Secrets de famille

L’éternel cannibalisme des cueilleurs de moules

La famille, chez Bruno Dumont, réalisateur et scénariste.


Dans ses travaux Ptit Quinquin et Ma Loute, Bruno Dumont semble avoir trouvé un nouveau langage cinématographique.

Son style, abstrait, noir et régional, s’est ouvert à la lumière de la fantaisie familiale. La recette, assez unique, est celle de pittoresques farces policières.
Dans un petit village de pêcheurs sur la Côte d’Opale, plusieurs disparitions attirent l’attention de deux policiers un peu largués, sortes de Laurel et Hardy ch’tits.

Leur enquête avance – ou plutôt recule – au contact de deux familles aussi dégénérées l’une que l’autres : les Brufort, passeurs et pêcheurs de moules, et les Van Peteghem, riches bourgeois nichés sur les auteurs de la baie.

Dans cet entre-soi moribond, deux jeunes gens tombent amoureux : Billie la fille androgyne des Van Peteghem et Ma Loute, le fils des Brufort.
Les gueules cassées de ce bout de terre confient à la caméra leurs dents noires, leurs oreilles décollées. Entre deux silences penauds, ils hurlent un patois.

À côté de ces authentiques acteurs anonymes, pliés sur eux-même, raccourcis par leur bouffonnerie,
devisent les acteurs-stars.
Le cinéaste fait en effet appel à Luchini, Binoche et Bruni-Tedeschi (une première dans son tableau de chasse), pour incarner la famille bourgeoise.

Le parisianisme académique est ici transposé en snobisme provincial.
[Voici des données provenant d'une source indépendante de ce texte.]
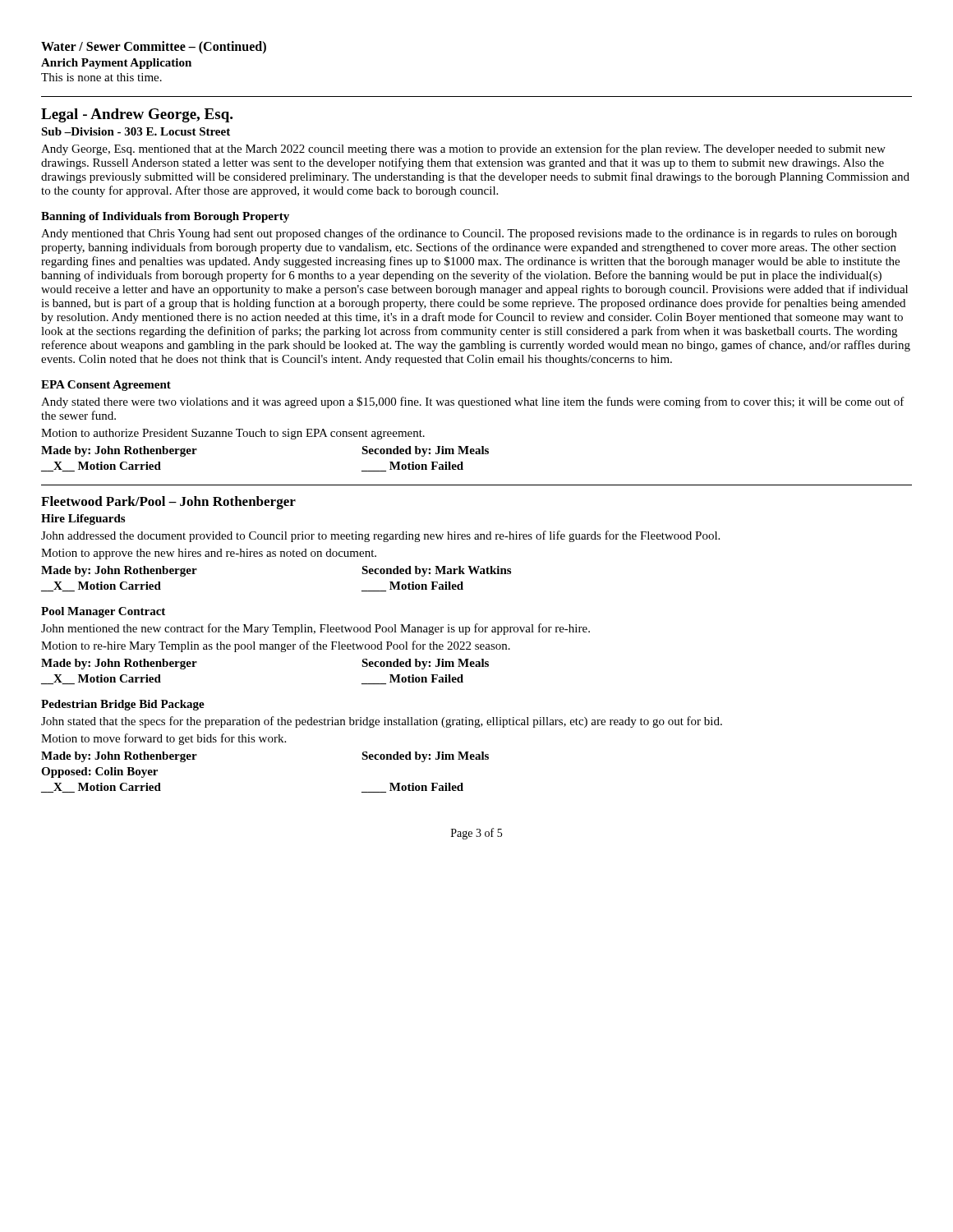Find the passage starting "Andy stated there were two violations"
Viewport: 953px width, 1232px height.
point(472,409)

Si l’auto-dérision est réjouissante, l’exercice de «Luchini joue d’Dumont»semble quelque peu forcé.

Une certaine boursoufflure, au-delà des critères de la farce, plafonne l’énergie.
Néanmoins, une des forces de Ma Loute, est de joindre la farce au naturalisme.

Elle intervient notamment dans le traitement des corps qui tombent sans cesse, roulent, s’envolent.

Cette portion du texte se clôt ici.